Exercise requirements ->
In duplicating the lines below, keep every word unchanged and drop the pictures.

Input material ->
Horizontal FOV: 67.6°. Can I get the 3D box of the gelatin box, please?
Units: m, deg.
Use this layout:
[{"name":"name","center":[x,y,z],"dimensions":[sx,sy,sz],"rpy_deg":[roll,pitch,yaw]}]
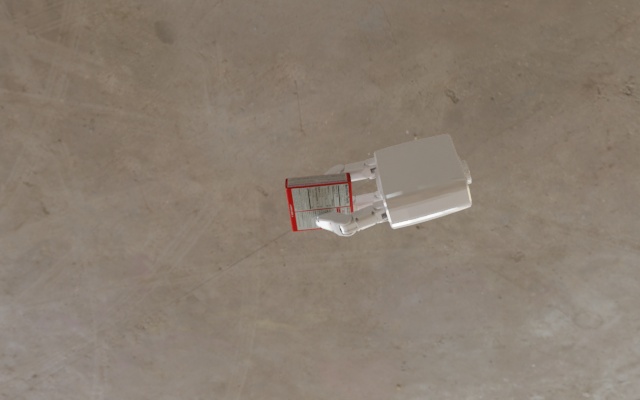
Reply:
[{"name":"gelatin box","center":[0.000,0.002,0.656],"dimensions":[0.089,0.073,0.030],"rpy_deg":[-6,34,1]}]
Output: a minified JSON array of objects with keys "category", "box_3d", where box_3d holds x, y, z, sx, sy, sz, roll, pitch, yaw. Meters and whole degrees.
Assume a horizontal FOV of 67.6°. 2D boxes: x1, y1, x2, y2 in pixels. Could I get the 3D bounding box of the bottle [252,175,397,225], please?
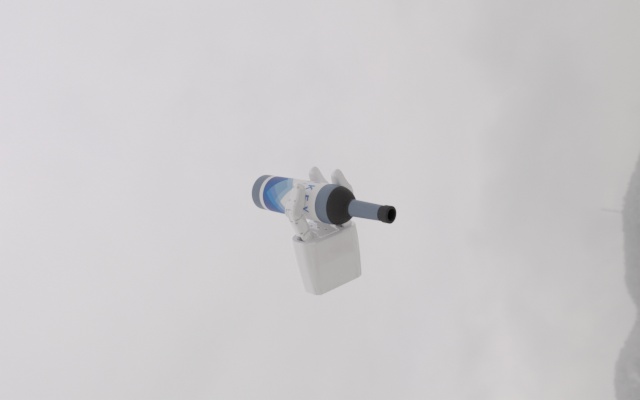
[{"category":"bottle","box_3d":[0.000,0.003,0.812,0.295,0.069,0.069,10,7,43]}]
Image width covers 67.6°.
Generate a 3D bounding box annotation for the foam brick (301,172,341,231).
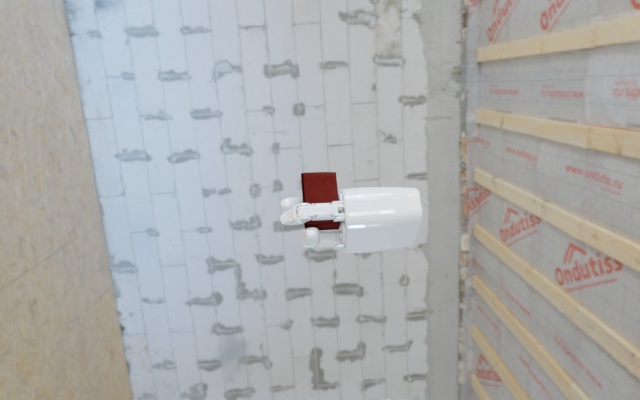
[{"bbox_3d":[0.000,0.002,0.699,0.051,0.078,0.053,-4,-14,0],"label":"foam brick"}]
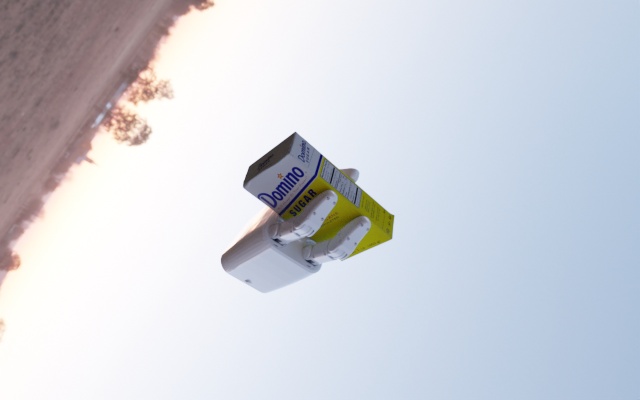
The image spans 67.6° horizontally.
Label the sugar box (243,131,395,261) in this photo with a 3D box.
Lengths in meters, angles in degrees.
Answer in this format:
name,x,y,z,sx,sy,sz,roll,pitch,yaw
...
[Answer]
name,x,y,z,sx,sy,sz,roll,pitch,yaw
sugar box,0.000,0.002,0.588,0.176,0.048,0.093,36,-46,-26

Result of this task ->
Horizontal FOV: 67.6°. Can I get the 3D box of the gelatin box, please?
Units: m, deg.
Use this layout:
[{"name":"name","center":[x,y,z],"dimensions":[sx,sy,sz],"rpy_deg":[roll,pitch,yaw]}]
Reply:
[{"name":"gelatin box","center":[0.000,0.002,0.656],"dimensions":[0.089,0.073,0.030],"rpy_deg":[-6,34,1]}]
Output: a minified JSON array of objects with keys "category", "box_3d", where box_3d holds x, y, z, sx, sy, sz, roll, pitch, yaw. Meters and whole degrees.
Assume a horizontal FOV of 67.6°. 2D boxes: x1, y1, x2, y2 in pixels. Could I get the 3D bounding box of the bottle [252,175,397,225], please?
[{"category":"bottle","box_3d":[0.000,0.003,0.812,0.295,0.069,0.069,10,7,43]}]
Image width covers 67.6°.
Generate a 3D bounding box annotation for the foam brick (301,172,341,231).
[{"bbox_3d":[0.000,0.002,0.699,0.051,0.078,0.053,-4,-14,0],"label":"foam brick"}]
The image spans 67.6° horizontally.
Label the sugar box (243,131,395,261) in this photo with a 3D box.
Lengths in meters, angles in degrees.
Answer in this format:
name,x,y,z,sx,sy,sz,roll,pitch,yaw
...
[Answer]
name,x,y,z,sx,sy,sz,roll,pitch,yaw
sugar box,0.000,0.002,0.588,0.176,0.048,0.093,36,-46,-26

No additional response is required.